My dad had a 1951 MG TD and a 1954 MG TF at one time when I was a kid. Nice rides and sure wish I had them back now.

MG TF-1500

My dad had one of these and I learned to drive in it. It was yellow with a red leather interior. I believe the headlights molded into the fenders appeared only in the 1955 model; 1954 and prior had separate headlights. In 1956 the MGA was introduced, which had a completely new body style with no running boards. Of course, my memory may be haywire as this was a long time ago.

Ouch, that hit close to home.

Here I am in 1956 in Germany with a 1954 MG TF that my father, brother and I owned (well for me a 'little bit' owned). Long stories on how we found the MG in Germany and even more when we shipped it to Houston and drove up to Northern Virginia. The TF was introduced in Oct 1953 and the TF was basically a face lifted TD with the most notable appearance change being the molding in of the headlights into the fenders.

 photo 1b4a91c3-699c-49fc-b944-fad7282a6db8_zpsvxeinps8.jpg

So Sue Me

To be removed from your wrecked car by someone trained to do so, like an EMT, you will need to wait about twenty years.

The car on the left

Is a Crestliner fordor sedan, revealed by the hash marks at the bottom of the door, Ford's highest trim line in '54, which included the Sunliner convertible, Skyliner and Victoria hardtops and Country Squire wagon.

We got his arms, you grab his leg.

If that poor soul survived the crash, he will never survive the extrication.

Saw one of those get wrecked in 1977

I was cruising Speedway Boulevard in Tucson with some hot-rod friends in 1977 when we saw a 1952 MG TD that had just gotten crunched in a hot-rod accident.
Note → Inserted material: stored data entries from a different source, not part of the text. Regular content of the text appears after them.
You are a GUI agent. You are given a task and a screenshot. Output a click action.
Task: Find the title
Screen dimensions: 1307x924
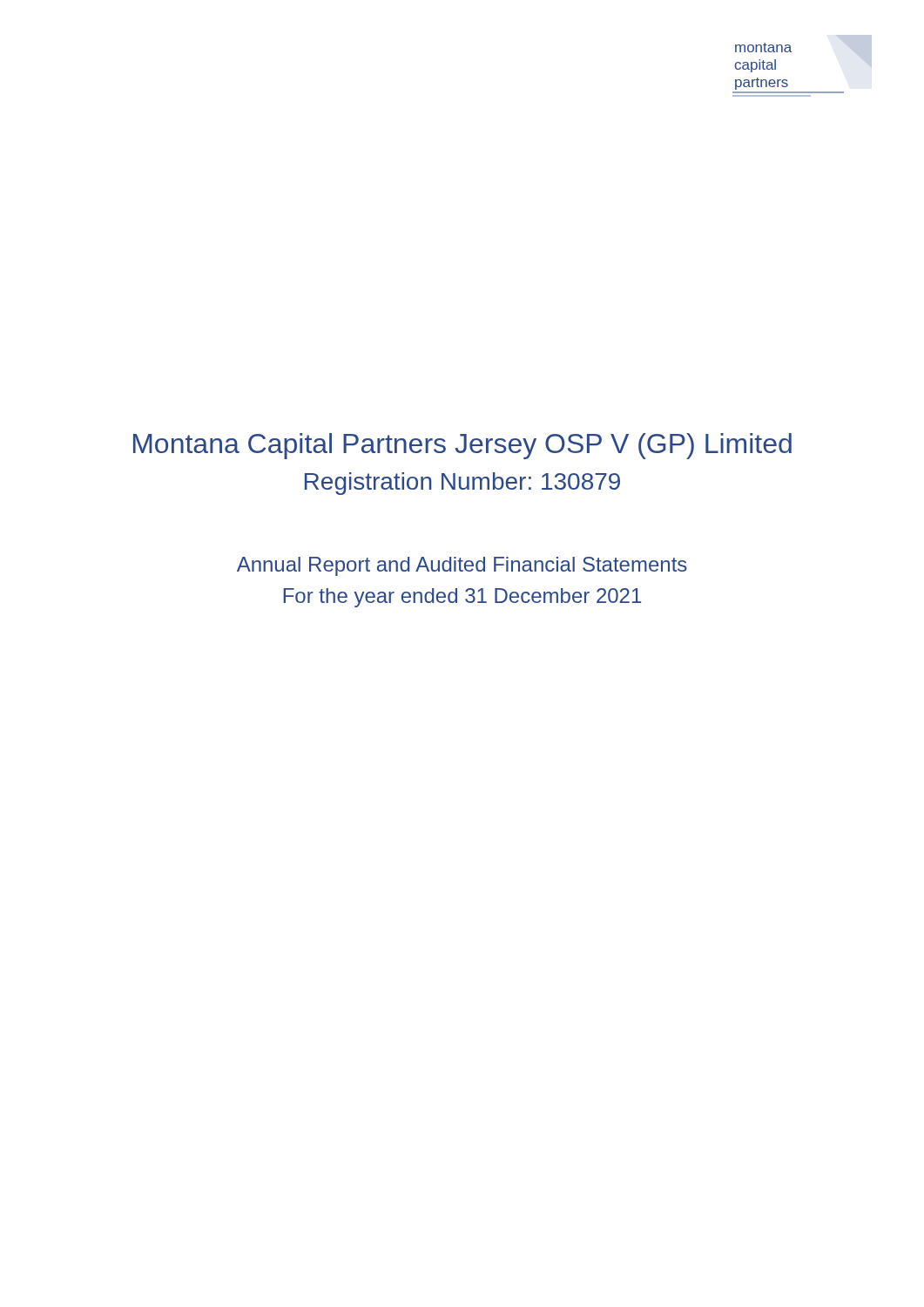[x=462, y=462]
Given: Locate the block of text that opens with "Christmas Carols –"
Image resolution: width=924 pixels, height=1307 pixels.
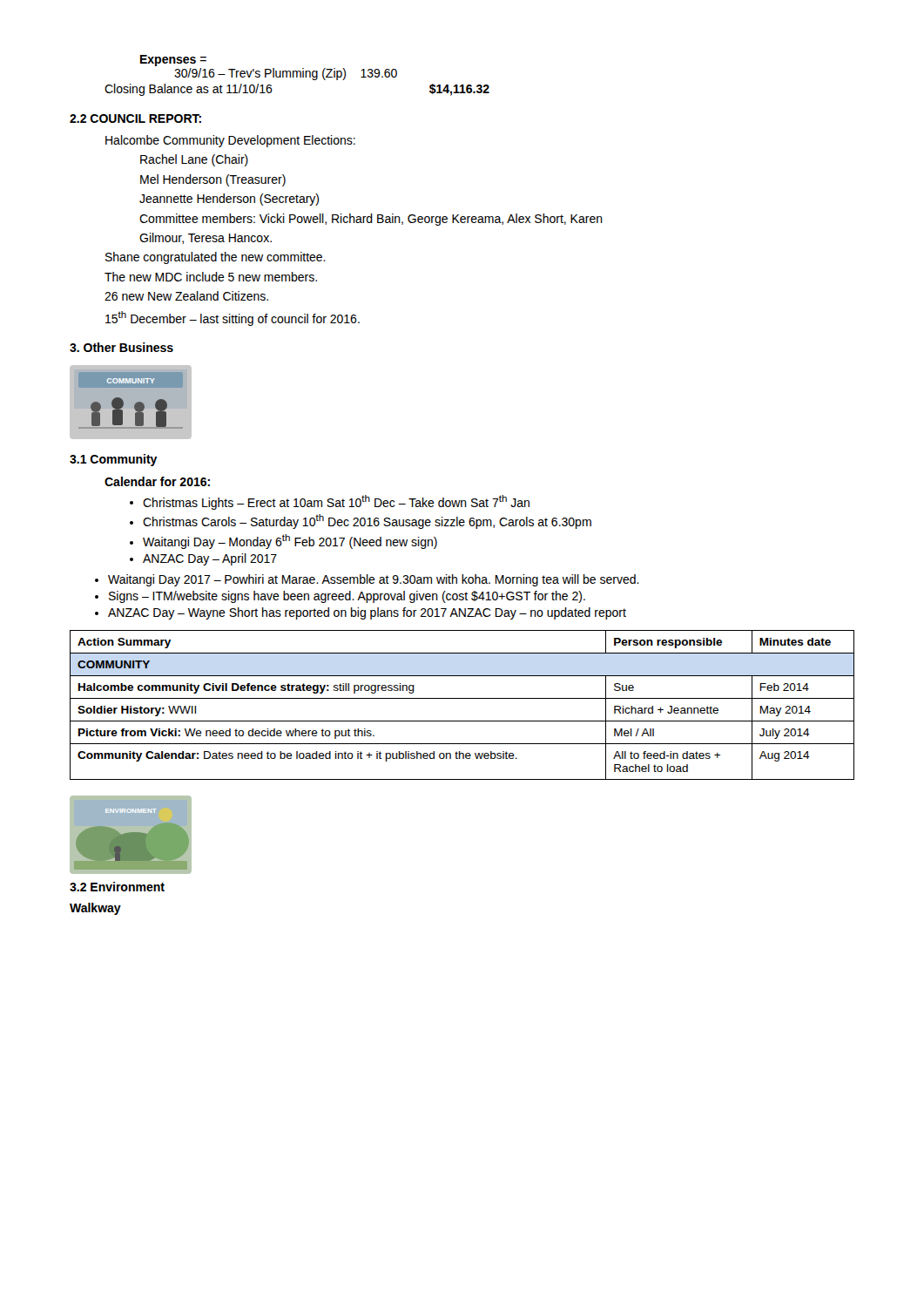Looking at the screenshot, I should pos(367,520).
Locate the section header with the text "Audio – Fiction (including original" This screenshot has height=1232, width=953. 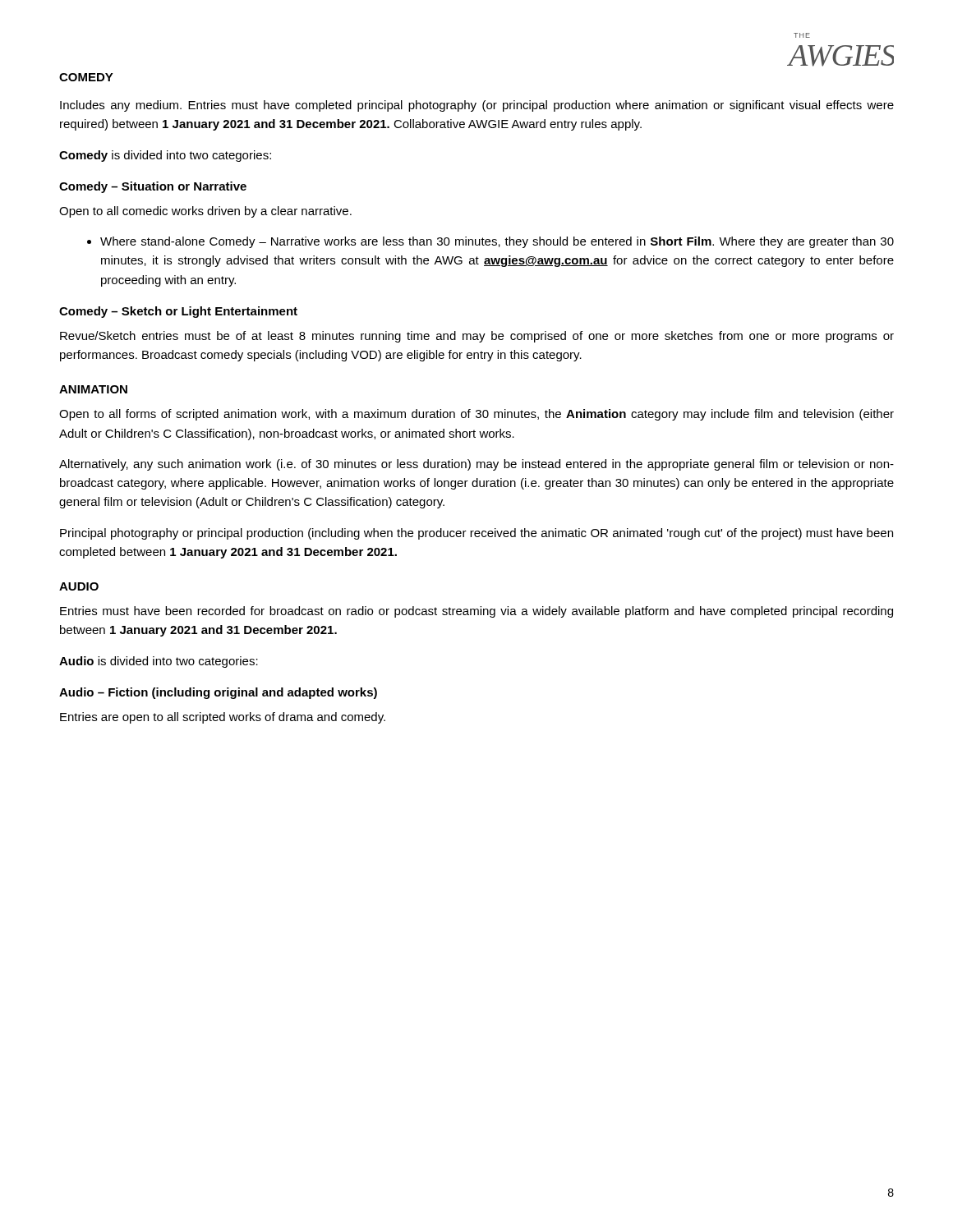coord(218,692)
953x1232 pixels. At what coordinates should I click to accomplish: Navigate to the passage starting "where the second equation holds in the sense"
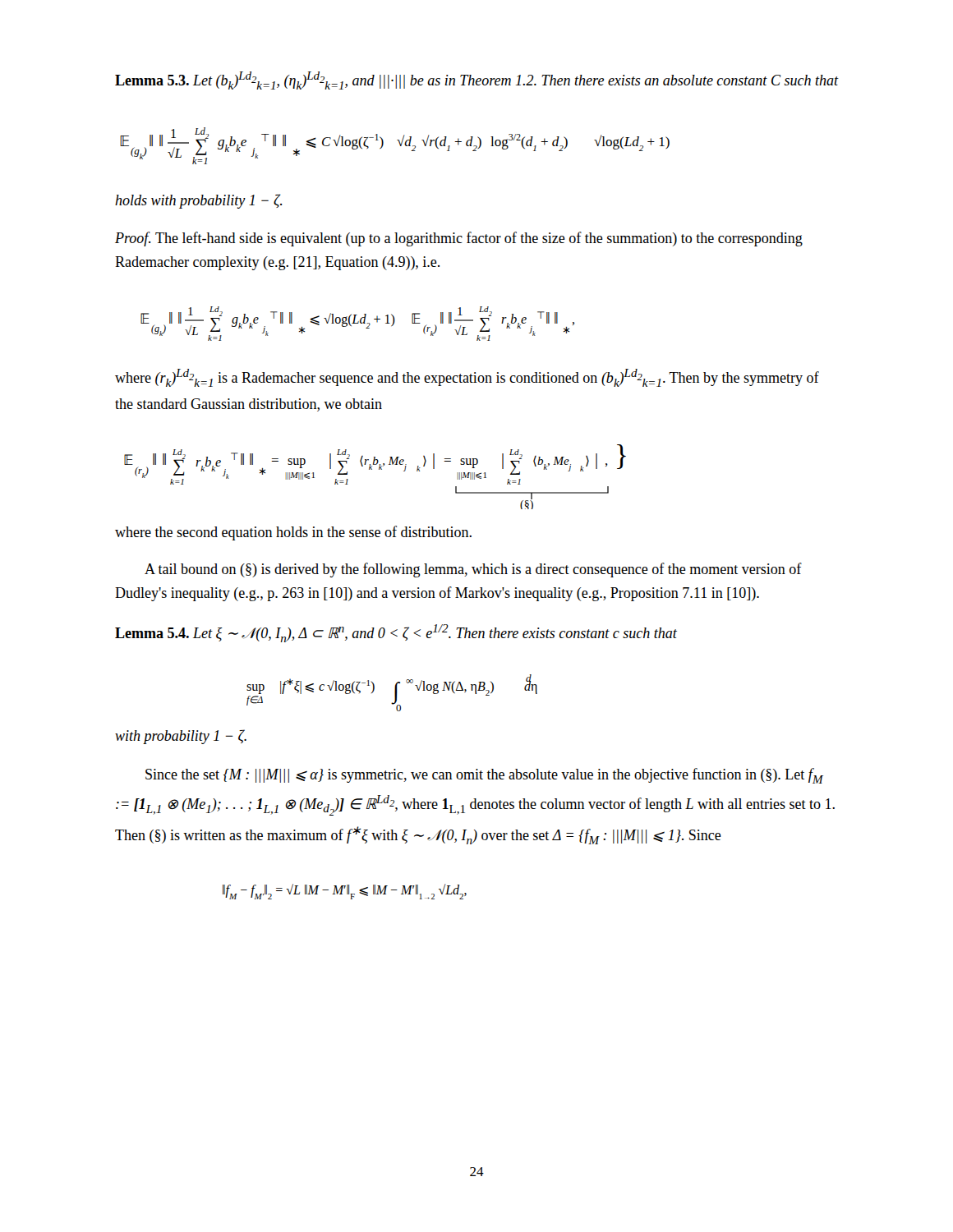pyautogui.click(x=294, y=533)

The owner was unhurt, but very sad.

Don't see many of them on the road these days. Too scarce to risk it.

Rack & Pinion Steering

Something that wouldn't appear on American cars for several more decades.

MG TF Midget.

The car is a pre-mid-1954 MG-TF. From mid-1954, the MG TF had a 1500 cc engine, which was denoted by a cream background enamel nameplate on both sides of the bonnet, placed just to the rear of the forward bonnet-release buttons. The plate is missing here and there are no holes from it having dropped off, as parts on British cars of this era tend to do. Trust me, I own one.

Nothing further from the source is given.